Posted: 12/6/2006 5:19:44 AM
Why do so many men have this ridiculous notion that women are using there sexuality as a bargaining tool? To many women sex is not currency, because you put such a high "currency" value on it doesnt mean that everyone else views it the same way you do.

It is ours to do with what we want. And just because you are feeling horny it doesnt mean she is feeling it too! I have met plently of men that I have been mildly sexually attracted to but I have not had sex with them. Just because I feel a little bit of a tingle it doesnt mean I am all that interested in them as a person. It has nothing to do with my moral code or my self worth. It is all about who I am intersted in sharing it with.

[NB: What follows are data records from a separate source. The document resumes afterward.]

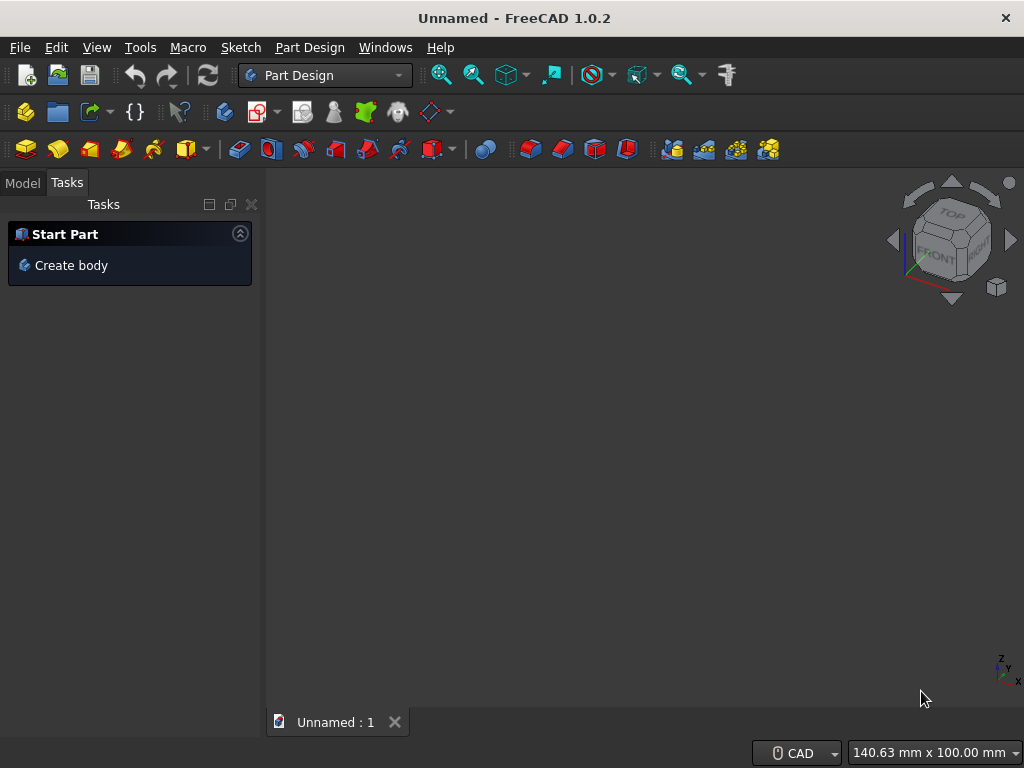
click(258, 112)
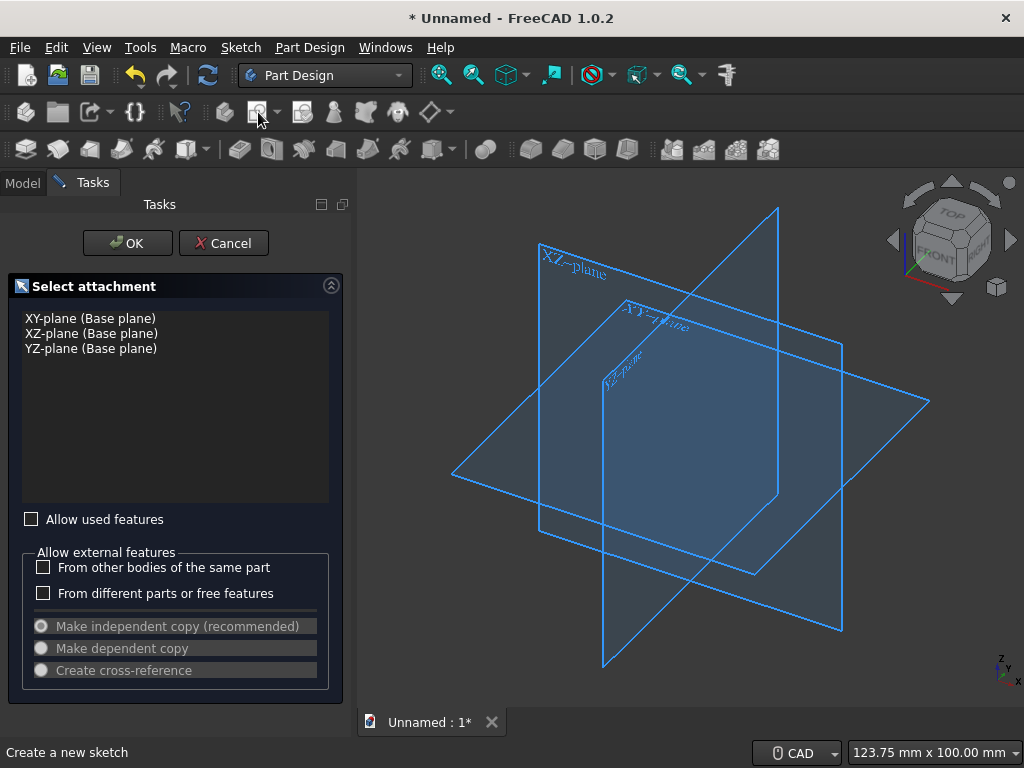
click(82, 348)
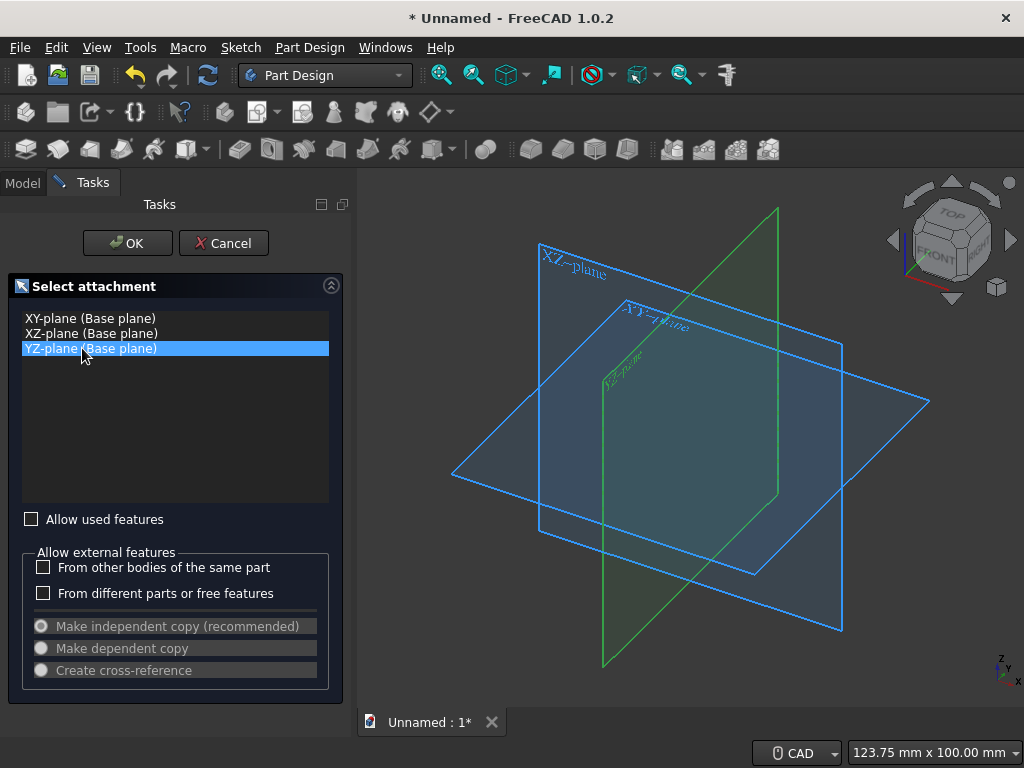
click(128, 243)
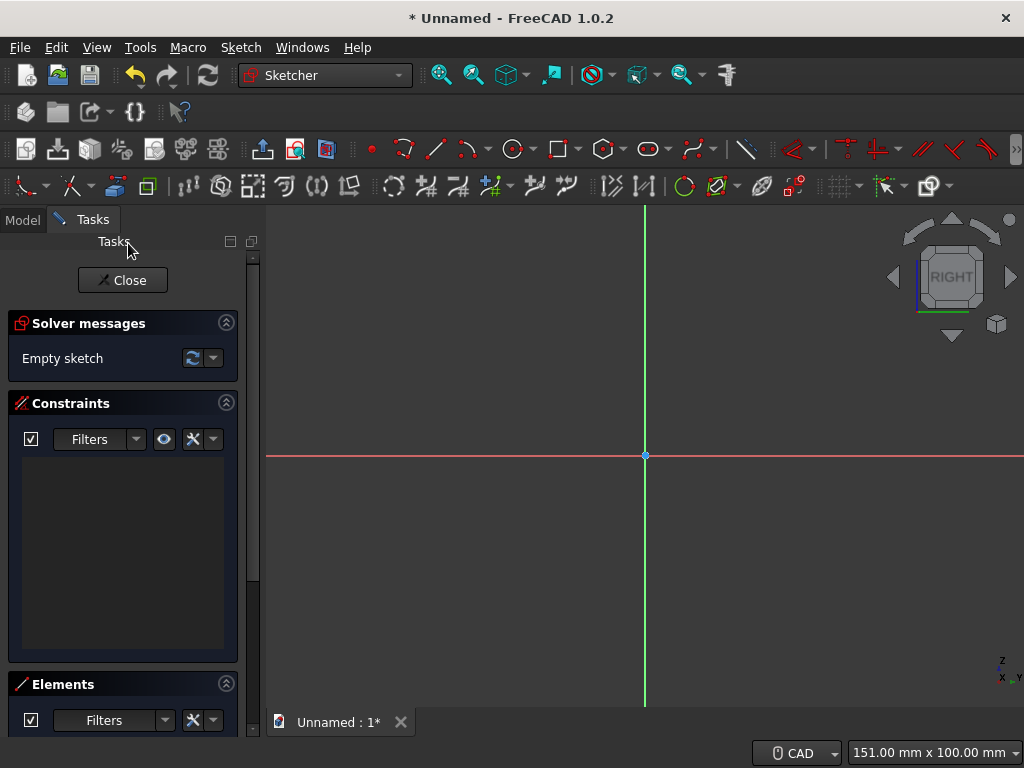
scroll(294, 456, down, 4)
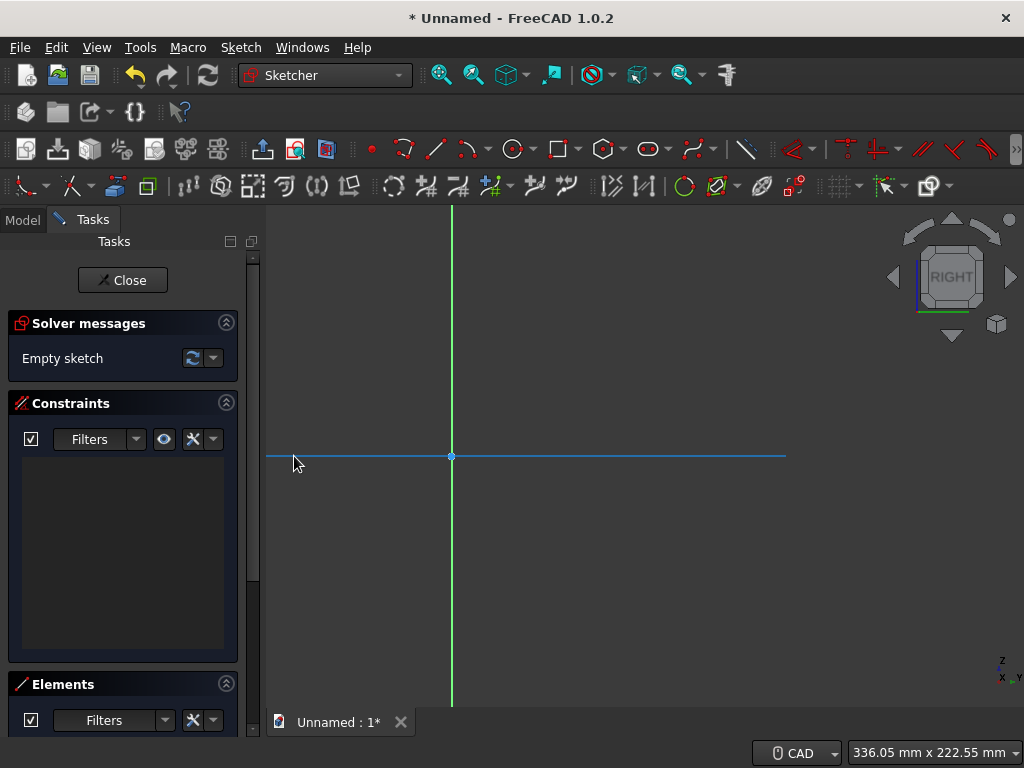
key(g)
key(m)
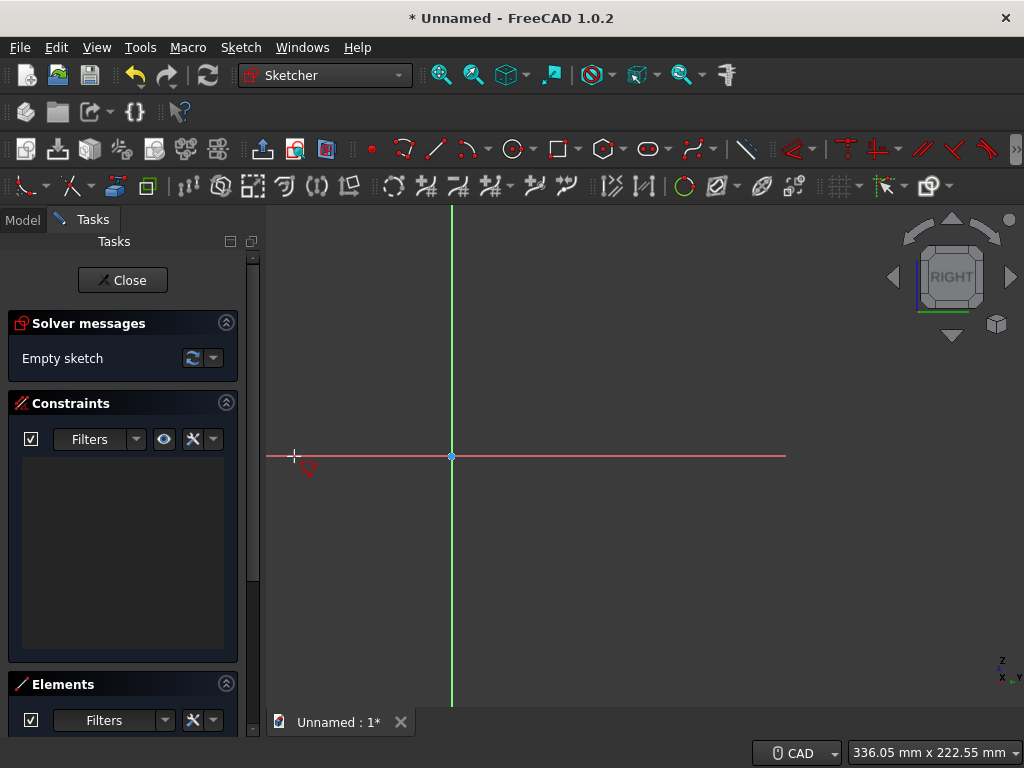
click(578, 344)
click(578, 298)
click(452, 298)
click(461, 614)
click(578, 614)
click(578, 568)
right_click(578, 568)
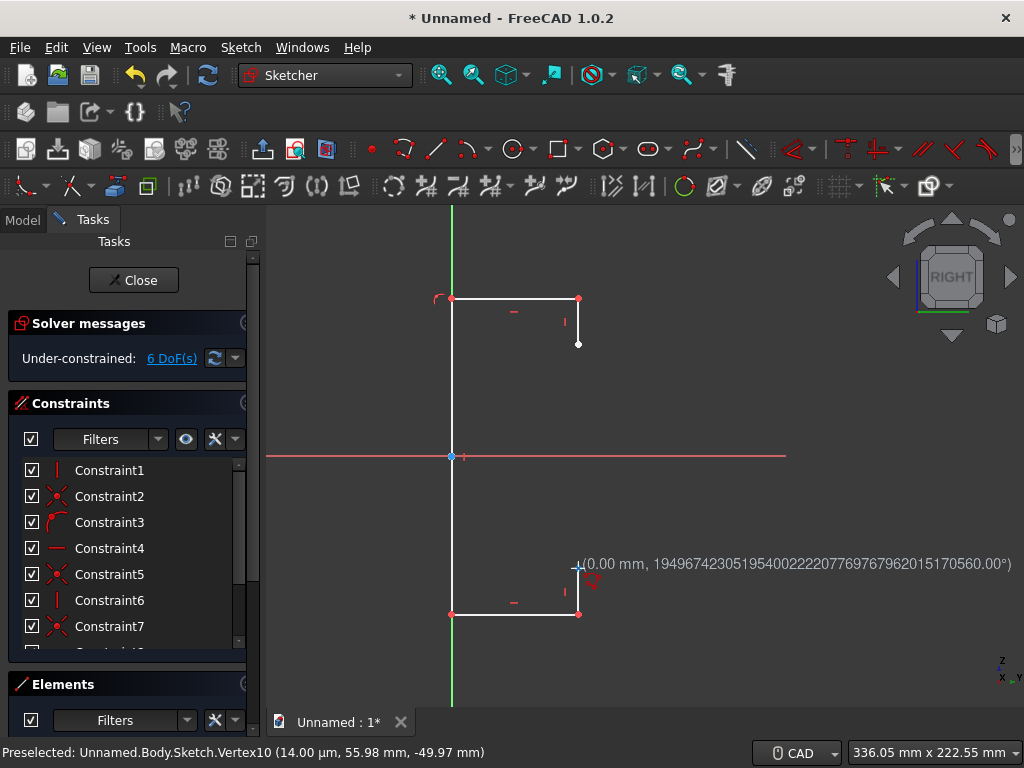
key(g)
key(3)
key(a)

If I want to go home and take my toys home with me I can! So stop trying to imply that I am somehow tryign to manipulate you because you want to have sex and I dont! If you are sexually frustrated that is not my problem
 fallen-one
Joined: 9/24/2006
Msg: 116
Why do women find sex on a first date so weird?
Posted: 12/6/2006 7:14:26 AM
hmmmm, whats the easiest way to put it.....
why buy the cow when you get the milk for free?
i think that about sums it up
 fallingangel9837
Joined: 10/5/2006
Msg: 122
Why do women find sex on a first date so weird?
Posted: 12/6/2006 7:20:58 PM
I can't answer this question for anyone else, but I personaly think its just nasty , I wouldnt do it unless there are some serious feelings between me and that person, which takes a little more than a date, or two ... Call me old fashion but thats just me ! Sex means nothing unless there are no feelings with it.
 RandMax
Joined: 12/4/2006
Msg: 125
Why do women find sex on a first date so weird?
Posted: 12/8/2006 5:16:37 PM
MMMMMMMM........... Waffels
Gotta go with Chubby Chick, sometimes, someone just excites you, you may not know why, it just feels right. Later you may find they have an IQ in the low teens, but that shouldn't diminish the thrill. We only live once, I'm not advocating abandoning your morals, just allow yourself a guilty pleasure from time to time.
 Manitobaholdem
Joined: 10/13/2006
Msg: 128
Why do women find sex on a first date so weird?
Posted: 12/8/2006 8:27:31 PM
Let's not generalize... all women don't find it wierd. Some only say that as a defence.. they don't want to look , feel and act like a whore or anything.. but if the chemistry is right...
 browneyedstallion
Joined: 12/29/2006
Msg: 129
Why do women find sex on a first date so weird?
Posted: 1/26/2007 6:36:49 PM
Just curious....why do so many women say they dont like a guy who "just wants sex"? Women often comment they want to wait until the 3rd date or longer to have sex. That its got to be meaningful etc... Why is that?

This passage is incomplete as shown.